Phrameworks and XHTML
by Castwide on 11-21-2007 • Tags: phrameworks, xhtml • 0 commentsThe upcoming version of the Phrameworks kernel will include an XHTML compliance mode. When this option is enabled, XHTML documents will be sent with the application/xhtml+xml mime-type to all user agents except Internet Explorer. (The implemented solution is a variation of the content-negotiation technique proposed by the W3C.) This feature presents a number of challenges, but the benefits make it worth the trouble.
Valid XHTML requires more care than HTML. Browsers that understand the application/xhtml+xml mime-type parse the document with a strict XML parser. They will not attempt to render invalid documents, as browsers traditionally do with HTML. Firefox, for example, will simply display an error. A single illegal character can break the whole page.
Problems with XHTML documents are not always obvious, either. When the document is sent with the text/html mime-type, browsers treat it as HTML tag soup and ignore errors, even if the document uses an XHTML doctype.

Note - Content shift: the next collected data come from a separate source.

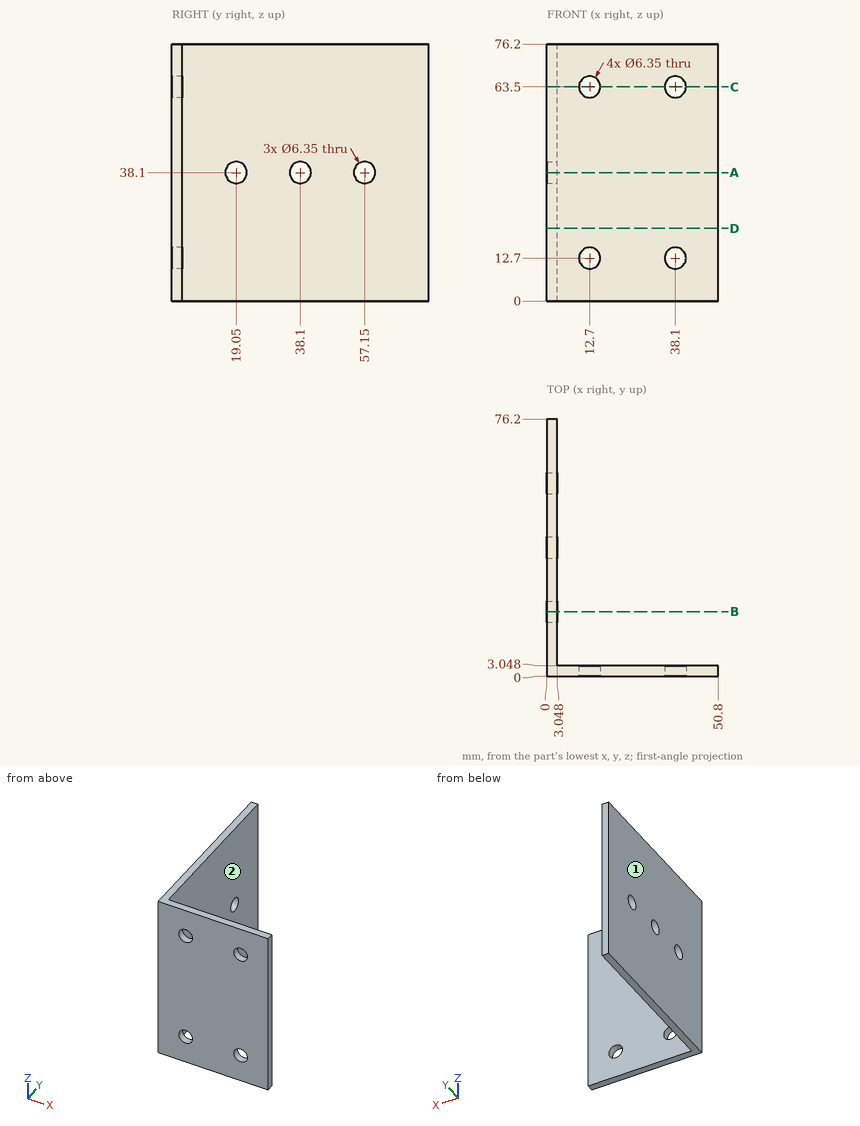
Part print with two shaded views. Sizes in mm from the minimum x, y, z corner. A direction names the side the tool comes from. Coordinates: 2 decimals unless noted, no trailing zeros. Write each loop counter-clockwise with the first axis right and the second up, starting at its lowest first coordinate (ties: lowest second). Pieces come first, ordered by that corner, then holes. Notation, with made-up numbers: (-37.5, 74.5) - (17.5, 74.5) arc R36 ccw to (17.5, 108.5) - close; hole circle Ø11 at (70.5, 81.25). An arc over 180 degrees is marked (long way). Put each result on its own line as item: value.
1. Band-saw the part on C-C (z = 63.5). Write the cut outline in (x, y) (3 decimals).
Final values:
outline: (0, 0) - (9.525, 0) - (9.525, 3.048) - (3.048, 3.048) - (3.048, 76.2) - (0, 76.2) - close; (15.875, 0) - (34.925, 0) - (34.925, 3.048) - (15.875, 3.048) - close; (41.275, 0) - (50.8, 0) - (50.8, 3.048) - (41.275, 3.048) - close
2. 3-axis set-ups, long thin cutter, end or side, ignore diameter. For the marked faces 1 and 2: which of +Z, -Z, +X, -X, +Y, -Y reach the whole face in a straight line?
Final values:
face 1: +Z, -Z, -X, +Y, -Y
face 2: +Z, -Z, +X, +Y
3. Band-saw the part on A-A (z = 38.1). Write the cut outline in (x, y) (3 decimals).
Final values:
outline: (0, 0) - (50.8, 0) - (50.8, 3.048) - (3.048, 3.048) - (3.048, 15.875) - (0, 15.875) - close; (0, 22.225) - (3.048, 22.225) - (3.048, 34.925) - (0, 34.925) - close; (0, 41.275) - (3.048, 41.275) - (3.048, 53.975) - (0, 53.975) - close; (0, 60.325) - (3.048, 60.325) - (3.048, 76.2) - (0, 76.2) - close
4. Band-saw the part on B-B (y = 19.05). Write the cut outline in (x, z) (3 decimals), then the cut area to 3 significant figures.
Final values:
outline: (0, 0) - (3.048, 0) - (3.048, 34.925) - (0, 34.925) - close; (0, 41.275) - (3.048, 41.275) - (3.048, 76.2) - (0, 76.2) - close
area: 213 mm²
5. Flat gauge pins, fed straight in: pin 1 Ø14.5 at (x, z) = (25.5, 39.5) entering from +Y; pin 2 Ø8 at (y, z) = (49, 28.5) entering from +X. Where does each tip first touch, or does it go through?
Final values:
pin 1: stops at y = 3.05
pin 2: stops at x = 3.05
6. Band-saw the part on D-D (z = 21.5). Write the cut outline in (x, y), then the cut area to 3 significant figures.
Final values:
outline: (0, 0) - (50.8, 0) - (50.8, 3.05) - (3.05, 3.05) - (3.05, 76.2) - (0, 76.2) - close
area: 378 mm²
7. Probe line 1 along Z through (x, y) = (2, 38); line 2 along X through (y, z) = (1.2, 63.5) (3 decimals); line 3 along X through (y, z) = (1, 12). List the from-to ranges inside material, lowest first. Write a range as [from, to].
Final values:
line 1: z = [0, 34.93], [41.27, 76.2]
line 2: x = [0, 9.525], [15.875, 34.925], [41.275, 50.8]
line 3: x = [0, 9.6], [15.8, 35], [41.2, 50.8]

Many web pages written in XHTML would break if they were sent as application/xhtml+xml.
Much to my satisfaction, however, most of the errors I encountered were easy to fix. Ampersands in URLs were definitely the most common problem. A slightly less frequent one was embedded JavaScript.
There are several changes to the Phrameworks parser—an extended version of the PHP Pagemill—that were necessary for valid output. One change was in the Pagemill itself. The newest version allows prefixes that tell the template parser whether the data needs to be encoded or decoded for HTML entities. The biggest changes, however, were in the Phrameworks kernel code.
- When a page has the XHTML doctype and Phrameworks is in XHTML compliance mode, everything in script and style elements is automatically wrapped as CDATA.
- Every piece of data that gets passed into the Pagemill gets encoded for HTML entities.
The latter change is the one that will require the most adjustment. The template parser will no longer inject raw HTML into templates by default. Additional code is required to allow markup in content; but automatic encoding also makes applications easier to secure, and it is easier to ensure that the resulting document will be valid XHTML.
In an upcoming article, I'll discuss input scrubbing and the benefits of the new design in more detail.